▶

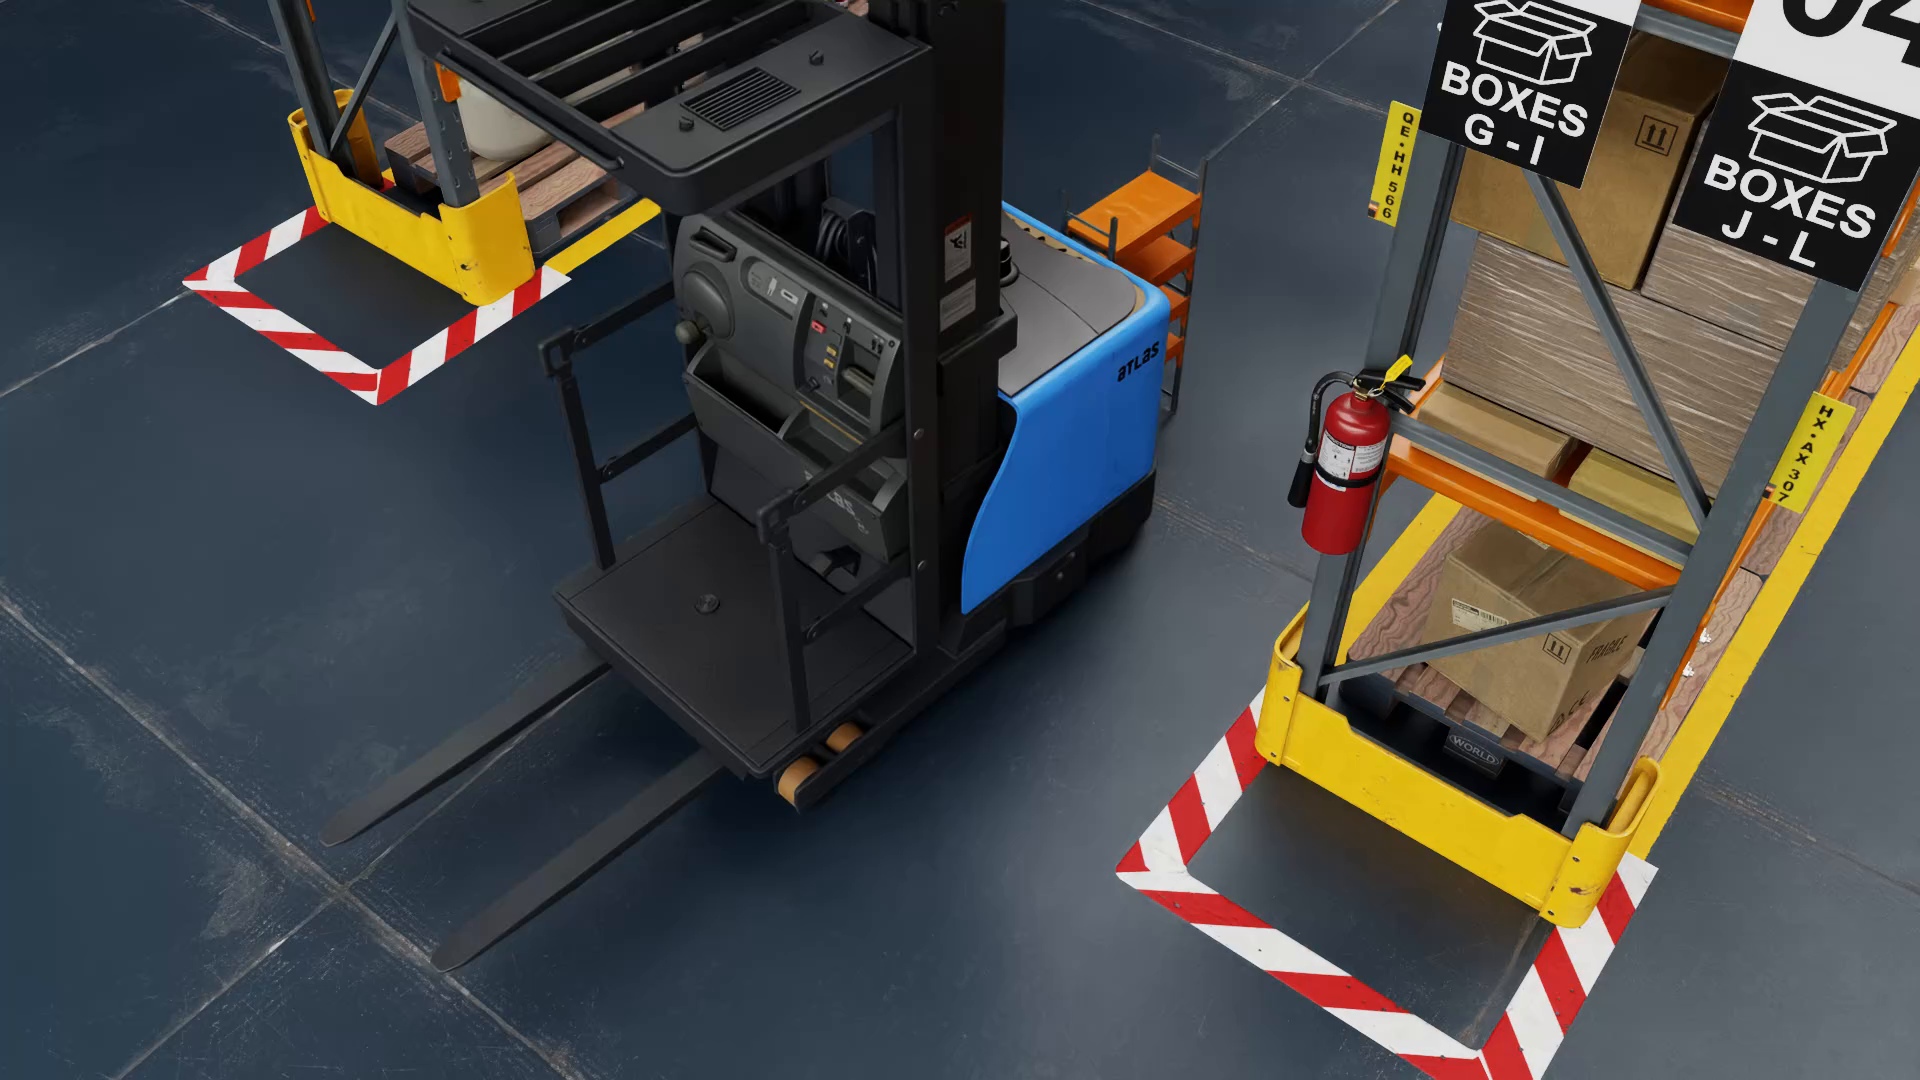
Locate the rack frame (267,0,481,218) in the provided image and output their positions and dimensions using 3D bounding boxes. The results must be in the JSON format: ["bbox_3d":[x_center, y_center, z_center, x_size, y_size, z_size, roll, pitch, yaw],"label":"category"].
[{"bbox_3d":[-2.434,-2.326,6.397,1.000,3.000,0.127,29,53,25],"label":"rack frame"}]

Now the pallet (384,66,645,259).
[{"bbox_3d":[-1.924,-1.889,7.909,1.003,0.211,1.213,29,53,25],"label":"pallet"}]

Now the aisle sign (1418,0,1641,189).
[{"bbox_3d":[1.210,-1.131,3.458,0.394,0.787,0.004,29,53,25],"label":"aisle sign"}]

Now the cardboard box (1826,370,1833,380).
[{"bbox_3d":[2.476,-0.670,4.989,0.380,0.149,0.250,29,53,25],"label":"cardboard box"}]

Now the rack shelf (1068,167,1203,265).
[{"bbox_3d":[0.615,-1.129,5.956,0.258,0.148,0.480,35,56,29],"label":"rack shelf"}]

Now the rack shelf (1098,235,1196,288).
[{"bbox_3d":[0.615,-0.966,6.127,0.258,0.148,0.480,35,56,29],"label":"rack shelf"}]

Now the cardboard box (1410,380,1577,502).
[{"bbox_3d":[1.496,-0.303,4.639,0.380,0.149,0.250,29,53,25],"label":"cardboard box"}]

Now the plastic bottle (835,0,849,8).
[{"bbox_3d":[-0.622,-2.838,8.518,0.097,0.201,0.097,0,46,0],"label":"plastic bottle"}]

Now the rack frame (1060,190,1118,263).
[{"bbox_3d":[0.445,-0.732,6.119,0.240,1.200,0.015,35,56,29],"label":"rack frame"}]

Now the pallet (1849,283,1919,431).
[{"bbox_3d":[3.548,-1.062,7.118,1.003,0.211,1.213,29,53,25],"label":"pallet"}]

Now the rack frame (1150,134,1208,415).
[{"bbox_3d":[0.786,-0.984,6.360,0.240,1.200,0.015,35,56,29],"label":"rack frame"}]

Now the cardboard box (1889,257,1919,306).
[{"bbox_3d":[2.842,-0.922,5.230,0.380,0.149,0.250,29,53,25],"label":"cardboard box"}]

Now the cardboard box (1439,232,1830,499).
[{"bbox_3d":[1.843,-0.576,4.451,0.875,0.500,0.500,29,53,25],"label":"cardboard box"}]

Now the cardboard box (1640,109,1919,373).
[{"bbox_3d":[2.037,-0.813,3.986,0.500,0.500,0.500,29,53,25],"label":"cardboard box"}]

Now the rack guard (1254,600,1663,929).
[{"bbox_3d":[1.532,0.684,5.251,1.175,0.500,0.348,29,53,25],"label":"rack guard"}]

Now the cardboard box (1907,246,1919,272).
[{"bbox_3d":[2.348,-1.096,4.256,0.500,0.500,0.500,29,53,25],"label":"cardboard box"}]

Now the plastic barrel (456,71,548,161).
[{"bbox_3d":[-2.092,-2.022,7.537,0.421,0.512,0.421,0,46,0],"label":"plastic barrel"}]

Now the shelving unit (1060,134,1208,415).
[{"bbox_3d":[0.615,-0.858,6.240,0.258,1.200,0.503,35,56,29],"label":"shelving unit"}]

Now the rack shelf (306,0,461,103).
[{"bbox_3d":[-1.211,-3.222,7.750,1.077,0.370,4.000,29,53,25],"label":"rack shelf"}]

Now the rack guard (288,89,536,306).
[{"bbox_3d":[-2.425,-1.526,7.362,1.175,0.500,0.348,29,53,25],"label":"rack guard"}]

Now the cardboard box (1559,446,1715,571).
[{"bbox_3d":[1.848,-0.107,4.451,0.380,0.149,0.250,29,53,25],"label":"cardboard box"}]

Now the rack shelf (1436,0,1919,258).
[{"bbox_3d":[2.708,-2.068,4.574,1.077,0.370,4.000,29,53,25],"label":"rack shelf"}]

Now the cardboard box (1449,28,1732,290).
[{"bbox_3d":[1.626,-1.043,4.205,0.500,0.500,0.500,29,53,25],"label":"cardboard box"}]

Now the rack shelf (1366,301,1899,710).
[{"bbox_3d":[2.708,-1.032,5.659,1.077,0.370,4.000,29,53,25],"label":"rack shelf"}]

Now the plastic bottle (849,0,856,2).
[{"bbox_3d":[-0.572,-2.944,8.567,0.152,0.276,0.135,30,53,26],"label":"plastic bottle"}]

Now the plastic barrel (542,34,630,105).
[{"bbox_3d":[-1.786,-2.308,7.811,0.421,0.512,0.421,0,46,0],"label":"plastic barrel"}]

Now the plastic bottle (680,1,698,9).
[{"bbox_3d":[-1.398,-2.869,8.491,0.061,0.283,0.133,29,53,25],"label":"plastic bottle"}]

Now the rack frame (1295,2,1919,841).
[{"bbox_3d":[1.485,-0.136,4.305,1.000,3.000,0.127,29,53,25],"label":"rack frame"}]

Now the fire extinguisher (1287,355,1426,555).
[{"bbox_3d":[1.050,-0.247,4.465,0.296,0.674,0.183,29,53,25],"label":"fire extinguisher"}]

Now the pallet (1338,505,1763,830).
[{"bbox_3d":[2.056,0.335,5.784,1.003,0.211,1.213,29,53,25],"label":"pallet"}]

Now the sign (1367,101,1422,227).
[{"bbox_3d":[1.058,-0.902,4.018,0.100,0.325,0.005,29,53,25],"label":"sign"}]

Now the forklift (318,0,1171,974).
[{"bbox_3d":[-0.667,-0.568,4.766,1.130,2.935,3.031,35,56,29],"label":"forklift"}]

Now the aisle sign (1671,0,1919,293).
[{"bbox_3d":[1.685,-0.866,3.205,0.394,0.787,0.004,29,53,25],"label":"aisle sign"}]

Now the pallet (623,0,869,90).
[{"bbox_3d":[-1.178,-2.584,8.573,1.003,0.211,1.213,29,53,25],"label":"pallet"}]

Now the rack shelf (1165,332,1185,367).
[{"bbox_3d":[0.615,-0.674,6.432,0.258,0.148,0.480,35,56,29],"label":"rack shelf"}]

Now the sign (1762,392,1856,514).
[{"bbox_3d":[1.915,-0.195,3.763,0.100,0.325,0.005,29,53,25],"label":"sign"}]

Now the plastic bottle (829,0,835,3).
[{"bbox_3d":[-0.685,-2.804,8.437,0.097,0.271,0.097,0,46,0],"label":"plastic bottle"}]

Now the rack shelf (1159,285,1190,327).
[{"bbox_3d":[0.615,-0.811,6.288,0.258,0.148,0.480,35,56,29],"label":"rack shelf"}]

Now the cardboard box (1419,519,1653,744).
[{"bbox_3d":[1.880,0.233,5.392,0.500,0.500,0.500,-33,54,-27],"label":"cardboard box"}]

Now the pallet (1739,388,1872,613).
[{"bbox_3d":[2.803,-0.360,6.448,1.003,0.211,1.213,29,53,25],"label":"pallet"}]

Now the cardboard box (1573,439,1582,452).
[{"bbox_3d":[1.649,-0.446,4.776,0.380,0.149,0.250,29,53,25],"label":"cardboard box"}]

◀

Output each record verbatim and leave out its pictures.

WRITTEN SOLUTION:
Locate the rack frame (267,0,481,218) in the provided image and output their positions and dimensions using 3D bounding boxes. The results must be in the JSON format: ["bbox_3d":[x_center, y_center, z_center, x_size, y_size, z_size, roll, pitch, yaw],"label":"category"].
[{"bbox_3d":[-2.434,-2.326,6.397,1.000,3.000,0.127,29,53,25],"label":"rack frame"}]

Now the pallet (384,66,645,259).
[{"bbox_3d":[-1.924,-1.889,7.909,1.003,0.211,1.213,29,53,25],"label":"pallet"}]

Now the aisle sign (1418,0,1641,189).
[{"bbox_3d":[1.210,-1.131,3.458,0.394,0.787,0.004,29,53,25],"label":"aisle sign"}]

Now the cardboard box (1826,370,1833,380).
[{"bbox_3d":[2.476,-0.670,4.989,0.380,0.149,0.250,29,53,25],"label":"cardboard box"}]

Now the rack shelf (1068,167,1203,265).
[{"bbox_3d":[0.615,-1.129,5.956,0.258,0.148,0.480,35,56,29],"label":"rack shelf"}]

Now the rack shelf (1098,235,1196,288).
[{"bbox_3d":[0.615,-0.966,6.127,0.258,0.148,0.480,35,56,29],"label":"rack shelf"}]

Now the cardboard box (1410,380,1577,502).
[{"bbox_3d":[1.496,-0.303,4.639,0.380,0.149,0.250,29,53,25],"label":"cardboard box"}]

Now the plastic bottle (835,0,849,8).
[{"bbox_3d":[-0.622,-2.838,8.518,0.097,0.201,0.097,0,46,0],"label":"plastic bottle"}]

Now the rack frame (1060,190,1118,263).
[{"bbox_3d":[0.445,-0.732,6.119,0.240,1.200,0.015,35,56,29],"label":"rack frame"}]

Now the pallet (1849,283,1919,431).
[{"bbox_3d":[3.548,-1.062,7.118,1.003,0.211,1.213,29,53,25],"label":"pallet"}]

Now the rack frame (1150,134,1208,415).
[{"bbox_3d":[0.786,-0.984,6.360,0.240,1.200,0.015,35,56,29],"label":"rack frame"}]

Now the cardboard box (1889,257,1919,306).
[{"bbox_3d":[2.842,-0.922,5.230,0.380,0.149,0.250,29,53,25],"label":"cardboard box"}]

Now the cardboard box (1439,232,1830,499).
[{"bbox_3d":[1.843,-0.576,4.451,0.875,0.500,0.500,29,53,25],"label":"cardboard box"}]

Now the cardboard box (1640,109,1919,373).
[{"bbox_3d":[2.037,-0.813,3.986,0.500,0.500,0.500,29,53,25],"label":"cardboard box"}]

Now the rack guard (1254,600,1663,929).
[{"bbox_3d":[1.532,0.684,5.251,1.175,0.500,0.348,29,53,25],"label":"rack guard"}]

Now the cardboard box (1907,246,1919,272).
[{"bbox_3d":[2.348,-1.096,4.256,0.500,0.500,0.500,29,53,25],"label":"cardboard box"}]

Now the plastic barrel (456,71,548,161).
[{"bbox_3d":[-2.092,-2.022,7.537,0.421,0.512,0.421,0,46,0],"label":"plastic barrel"}]

Now the shelving unit (1060,134,1208,415).
[{"bbox_3d":[0.615,-0.858,6.240,0.258,1.200,0.503,35,56,29],"label":"shelving unit"}]

Now the rack shelf (306,0,461,103).
[{"bbox_3d":[-1.211,-3.222,7.750,1.077,0.370,4.000,29,53,25],"label":"rack shelf"}]

Now the rack guard (288,89,536,306).
[{"bbox_3d":[-2.425,-1.526,7.362,1.175,0.500,0.348,29,53,25],"label":"rack guard"}]

Now the cardboard box (1559,446,1715,571).
[{"bbox_3d":[1.848,-0.107,4.451,0.380,0.149,0.250,29,53,25],"label":"cardboard box"}]

Now the rack shelf (1436,0,1919,258).
[{"bbox_3d":[2.708,-2.068,4.574,1.077,0.370,4.000,29,53,25],"label":"rack shelf"}]

Now the cardboard box (1449,28,1732,290).
[{"bbox_3d":[1.626,-1.043,4.205,0.500,0.500,0.500,29,53,25],"label":"cardboard box"}]

Now the rack shelf (1366,301,1899,710).
[{"bbox_3d":[2.708,-1.032,5.659,1.077,0.370,4.000,29,53,25],"label":"rack shelf"}]

Now the plastic bottle (849,0,856,2).
[{"bbox_3d":[-0.572,-2.944,8.567,0.152,0.276,0.135,30,53,26],"label":"plastic bottle"}]

Now the plastic barrel (542,34,630,105).
[{"bbox_3d":[-1.786,-2.308,7.811,0.421,0.512,0.421,0,46,0],"label":"plastic barrel"}]

Now the plastic bottle (680,1,698,9).
[{"bbox_3d":[-1.398,-2.869,8.491,0.061,0.283,0.133,29,53,25],"label":"plastic bottle"}]

Now the rack frame (1295,2,1919,841).
[{"bbox_3d":[1.485,-0.136,4.305,1.000,3.000,0.127,29,53,25],"label":"rack frame"}]

Now the fire extinguisher (1287,355,1426,555).
[{"bbox_3d":[1.050,-0.247,4.465,0.296,0.674,0.183,29,53,25],"label":"fire extinguisher"}]

Now the pallet (1338,505,1763,830).
[{"bbox_3d":[2.056,0.335,5.784,1.003,0.211,1.213,29,53,25],"label":"pallet"}]

Now the sign (1367,101,1422,227).
[{"bbox_3d":[1.058,-0.902,4.018,0.100,0.325,0.005,29,53,25],"label":"sign"}]

Now the forklift (318,0,1171,974).
[{"bbox_3d":[-0.667,-0.568,4.766,1.130,2.935,3.031,35,56,29],"label":"forklift"}]

Now the aisle sign (1671,0,1919,293).
[{"bbox_3d":[1.685,-0.866,3.205,0.394,0.787,0.004,29,53,25],"label":"aisle sign"}]

Now the pallet (623,0,869,90).
[{"bbox_3d":[-1.178,-2.584,8.573,1.003,0.211,1.213,29,53,25],"label":"pallet"}]

Now the rack shelf (1165,332,1185,367).
[{"bbox_3d":[0.615,-0.674,6.432,0.258,0.148,0.480,35,56,29],"label":"rack shelf"}]

Now the sign (1762,392,1856,514).
[{"bbox_3d":[1.915,-0.195,3.763,0.100,0.325,0.005,29,53,25],"label":"sign"}]

Now the plastic bottle (829,0,835,3).
[{"bbox_3d":[-0.685,-2.804,8.437,0.097,0.271,0.097,0,46,0],"label":"plastic bottle"}]

Now the rack shelf (1159,285,1190,327).
[{"bbox_3d":[0.615,-0.811,6.288,0.258,0.148,0.480,35,56,29],"label":"rack shelf"}]

Now the cardboard box (1419,519,1653,744).
[{"bbox_3d":[1.880,0.233,5.392,0.500,0.500,0.500,-33,54,-27],"label":"cardboard box"}]

Now the pallet (1739,388,1872,613).
[{"bbox_3d":[2.803,-0.360,6.448,1.003,0.211,1.213,29,53,25],"label":"pallet"}]

Now the cardboard box (1573,439,1582,452).
[{"bbox_3d":[1.649,-0.446,4.776,0.380,0.149,0.250,29,53,25],"label":"cardboard box"}]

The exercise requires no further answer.